It’s still uncertain whether or not there has been any child star that has come into adulthood unscathed, but what’s for sure is that stage parents are rarely ever as perfect as they make themselves out to be.
Here are 9 stage parents that will have you calling your mom tonight and telling her that you love her.
Dina & Michael Lohan A list about celeb parents gone wild would never be complete without the Lohans. Where to even start? In one side of the ring we have Dina Lohan, who has been blatantly freeloading off of Lindsay since she first shot to fame. Claims of being a Rockette (which she never was), a reality show, dodgy photos of her kinda-sorta making out with her own daughter (EW), showing up under the influence of WTF on Dr. Phil’s show, publicly sparring with her ex-husband, partying with Lindsay, and now a glorious DWI just weeks after Lindsay was released from rehab are some of the accomplishments Dina has under her belt. On the other side of the ring is Michael Lohan – over 6 years in jail, DUIs, random children with even randomer women, being violent towards his girlfriends, and talking to the press about how he’s not talking to the press anymore are some of Michael’s accomplishments. With parents like these, is it any wonder why Lindsay is the way she is?
Courtney Love Courtney Love is a hot mess and that title definitely passes over to her parenting skills. She was a shady parent from the start, admitting to Vanity Fair in 1992 that she took heroin while she was pregnant, though she stopped once she discovered she was with child. Love’s relationship with her daughter Frances has been plagued with drug overdoses, crazy Twitter rants, losing custody, restraining orders, and alleging that Dave Grohl hit on her daughter. It’s safe to assume that CPS was on speed dial for majority of Frances’ first eighteen years.

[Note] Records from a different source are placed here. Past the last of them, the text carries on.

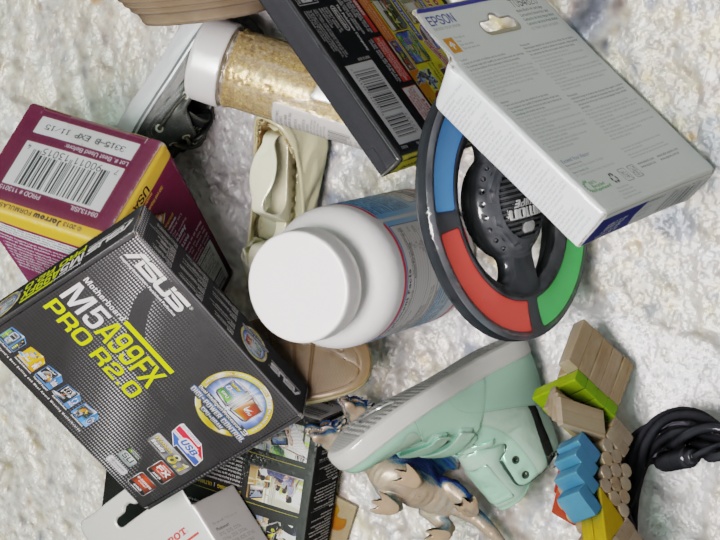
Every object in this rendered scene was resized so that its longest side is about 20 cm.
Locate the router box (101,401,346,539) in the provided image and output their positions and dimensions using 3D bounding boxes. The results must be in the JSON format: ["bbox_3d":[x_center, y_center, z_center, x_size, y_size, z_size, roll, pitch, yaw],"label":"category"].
[{"bbox_3d":[-0.117,0.163,1.755,0.200,0.051,0.149,16,106,25],"label":"router box"}]

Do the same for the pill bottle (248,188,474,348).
[{"bbox_3d":[0.000,0.000,1.595,0.109,0.200,0.109,4,99,27],"label":"pill bottle"}]

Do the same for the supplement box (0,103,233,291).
[{"bbox_3d":[-0.202,-0.026,1.689,0.131,0.200,0.103,17,65,23],"label":"supplement box"}]

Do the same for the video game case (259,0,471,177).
[{"bbox_3d":[0.017,-0.171,1.572,0.026,0.181,0.200,-42,77,36],"label":"video game case"}]

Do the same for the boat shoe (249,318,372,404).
[{"bbox_3d":[-0.082,0.078,1.672,0.200,0.065,0.071,-2,75,17],"label":"boat shoe"}]

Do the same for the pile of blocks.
[{"bbox_3d":[0.157,0.139,1.562,0.062,0.082,0.200,-30,49,42],"label":"pile of blocks"}]

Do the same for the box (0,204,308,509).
[{"bbox_3d":[-0.163,0.069,1.590,0.160,0.044,0.200,-31,113,22],"label":"box"}]

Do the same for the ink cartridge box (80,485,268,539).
[{"bbox_3d":[-0.126,0.257,1.708,0.115,0.068,0.200,-37,81,29],"label":"ink cartridge box"}]

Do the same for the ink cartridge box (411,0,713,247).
[{"bbox_3d":[0.138,-0.114,1.507,0.200,0.200,0.041,48,121,14],"label":"ink cartridge box"}]

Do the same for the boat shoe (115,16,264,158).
[{"bbox_3d":[-0.148,-0.133,1.729,0.057,0.069,0.200,38,110,17],"label":"boat shoe"}]

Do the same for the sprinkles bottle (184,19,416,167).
[{"bbox_3d":[-0.034,-0.139,1.641,0.200,0.068,0.068,18,106,8],"label":"sprinkles bottle"}]

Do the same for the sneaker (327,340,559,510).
[{"bbox_3d":[0.074,0.137,1.585,0.074,0.200,0.118,-19,95,55],"label":"sneaker"}]

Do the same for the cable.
[{"bbox_3d":[0.241,0.182,1.542,0.200,0.051,0.163,34,124,49],"label":"cable"}]

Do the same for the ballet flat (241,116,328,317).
[{"bbox_3d":[-0.069,-0.036,1.702,0.069,0.069,0.200,9,102,26],"label":"ballet flat"}]

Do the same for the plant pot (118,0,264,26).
[{"bbox_3d":[-0.125,-0.242,1.630,0.201,0.201,0.093,-1,103,28],"label":"plant pot"}]

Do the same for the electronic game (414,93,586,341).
[{"bbox_3d":[0.105,-0.048,1.534,0.042,0.200,0.200,-9,93,38],"label":"electronic game"}]

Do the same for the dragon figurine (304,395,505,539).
[{"bbox_3d":[0.051,0.165,1.666,0.200,0.099,0.059,28,111,-19],"label":"dragon figurine"}]

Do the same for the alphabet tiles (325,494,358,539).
[{"bbox_3d":[-0.090,0.223,1.784,0.166,0.006,0.200,24,108,23],"label":"alphabet tiles"}]
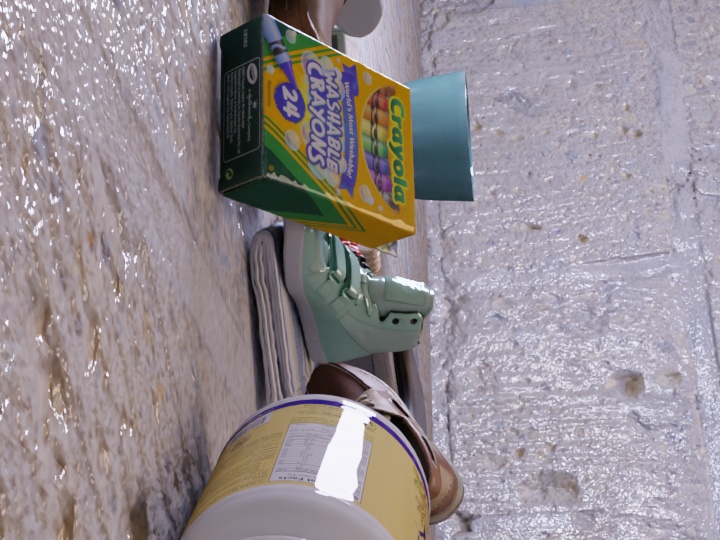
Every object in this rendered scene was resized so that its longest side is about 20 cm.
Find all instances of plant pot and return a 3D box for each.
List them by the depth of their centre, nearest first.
[{"bbox_3d":[0.092,-0.202,1.951,0.201,0.158,0.205,-4,90,-83],"label":"plant pot"}]

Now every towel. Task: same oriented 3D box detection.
[{"bbox_3d":[-0.063,0.033,1.067,0.200,0.023,0.150,-51,135,-83],"label":"towel"}]

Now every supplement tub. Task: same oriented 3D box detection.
[{"bbox_3d":[-0.033,0.172,0.723,0.200,0.143,0.148,-72,157,-73],"label":"supplement tub"}]

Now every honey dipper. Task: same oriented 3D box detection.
[{"bbox_3d":[0.012,0.035,1.694,0.038,0.037,0.202,-87,175,-46],"label":"honey dipper"}]

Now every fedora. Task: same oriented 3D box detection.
[{"bbox_3d":[0.009,0.117,1.356,0.179,0.089,0.202,-89,166,-44],"label":"fedora"}]

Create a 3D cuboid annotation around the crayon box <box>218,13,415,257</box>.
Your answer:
[{"bbox_3d":[-0.019,-0.097,0.958,0.198,0.051,0.128,19,63,-46],"label":"crayon box"}]

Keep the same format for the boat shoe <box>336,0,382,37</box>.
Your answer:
[{"bbox_3d":[-0.045,-0.305,1.164,0.201,0.068,0.057,60,-9,-34],"label":"boat shoe"}]

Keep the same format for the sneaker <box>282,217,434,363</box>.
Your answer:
[{"bbox_3d":[0.000,0.000,1.039,0.202,0.116,0.075,75,11,-52],"label":"sneaker"}]

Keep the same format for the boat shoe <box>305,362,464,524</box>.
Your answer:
[{"bbox_3d":[0.014,0.142,1.127,0.199,0.076,0.072,38,-7,33],"label":"boat shoe"}]

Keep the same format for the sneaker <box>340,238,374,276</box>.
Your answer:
[{"bbox_3d":[-0.036,-0.012,1.214,0.094,0.069,0.202,-55,-141,47],"label":"sneaker"}]

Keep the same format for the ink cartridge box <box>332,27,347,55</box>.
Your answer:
[{"bbox_3d":[-0.033,-0.149,1.346,0.174,0.043,0.204,-143,-131,-83],"label":"ink cartridge box"}]

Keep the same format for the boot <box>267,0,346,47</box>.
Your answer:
[{"bbox_3d":[-0.040,-0.228,1.087,0.147,0.069,0.203,-56,136,-51],"label":"boot"}]
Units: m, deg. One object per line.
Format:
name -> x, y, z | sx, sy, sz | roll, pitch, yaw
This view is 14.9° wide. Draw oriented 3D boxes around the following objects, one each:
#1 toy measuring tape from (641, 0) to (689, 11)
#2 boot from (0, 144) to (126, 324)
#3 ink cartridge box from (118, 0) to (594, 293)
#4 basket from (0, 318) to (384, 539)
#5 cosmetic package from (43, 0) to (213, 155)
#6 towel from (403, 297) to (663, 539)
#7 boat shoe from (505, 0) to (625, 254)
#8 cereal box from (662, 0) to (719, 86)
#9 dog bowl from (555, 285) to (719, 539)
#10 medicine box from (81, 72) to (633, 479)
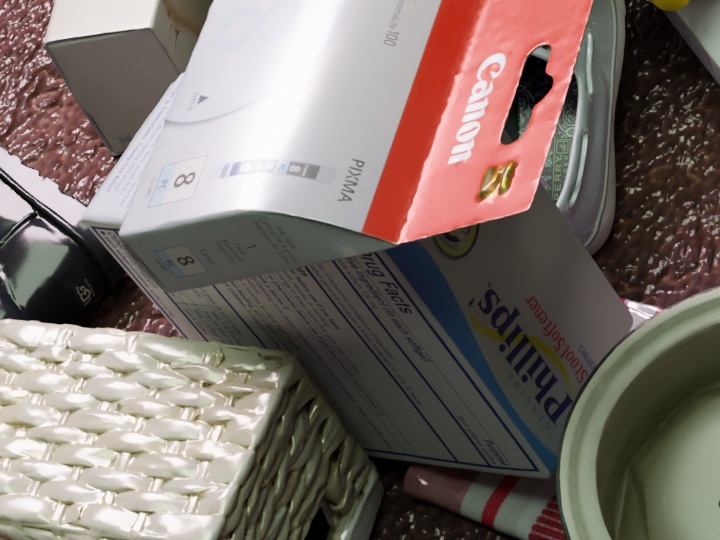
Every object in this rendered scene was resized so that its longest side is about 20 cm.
toy measuring tape -> 0.170, -0.218, 1.501 | 0.073, 0.074, 0.201 | -6, 55, 20
boot -> -0.248, 0.005, 1.551 | 0.200, 0.077, 0.168 | 31, 66, 33
ink cartridge box -> 0.000, -0.077, 1.235 | 0.199, 0.047, 0.161 | -12, 42, 34
basket -> -0.111, 0.114, 1.368 | 0.199, 0.124, 0.136 | 5, 54, 28
cosmetic package -> -0.118, -0.179, 1.630 | 0.073, 0.104, 0.201 | -7, 51, 19
towel -> 0.135, 0.081, 1.356 | 0.199, 0.023, 0.144 | 18, 62, 34
boat shoe -> 0.099, -0.106, 1.448 | 0.070, 0.071, 0.202 | -7, 74, 20
cereal box -> 0.237, -0.166, 1.503 | 0.143, 0.040, 0.200 | -31, 47, 0
dog bowl -> 0.192, 0.106, 1.256 | 0.199, 0.074, 0.201 | -6, 58, 9
medicine box -> 0.000, 0.000, 1.348 | 0.199, 0.182, 0.103 | 4, 52, 42
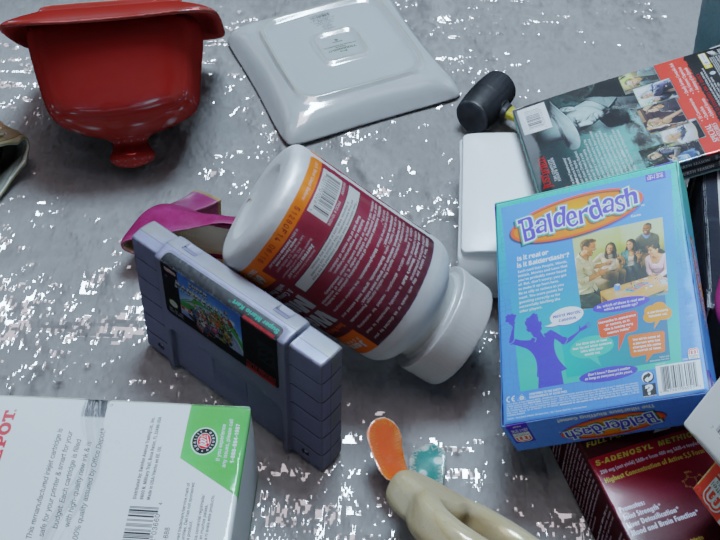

Charlie Sheen Charlie Sheen, Father. If those 3 words don’t strike fear in your heart, then little else will. Sheen may be winning life with his warlock tiger blood, but he sure isn’t winning any fatherhood acclaim. After he split up with Denise Richards in 2005, the couple had no problem airing out their dirty laundry for the world to see, which included the earth-shattering surprise that Sheen visited prostitutes and Sheen, the ever-romantic, threatening to kill Richards. The situation was replayed when Sheen and Brooke Mueller divorced in 2010, with Mueller getting a restraining order against Sheen for making “descriptive” threats to her. If that’s “winning,” being a loser sounds pretty awesome right now.
Jaid Barrymore Drew Barrymore comes from a long line of esteemed and troubled actors, but it’s her mom that gets most of the slack when it comes to her. Drew is a paradigm for reformed wild child, and majority of her problems stemmed from her own mother teaching her how to party. Jaid allegedly took Drew to Studio 54 before Drew could even walk. Drew was smoking and drinking by 9, doing cocaine by 13, and had gone to rehab twice by the time she was 14. Luckily, Drew divorced her parents when she was 15 and ended up turning out better than ok.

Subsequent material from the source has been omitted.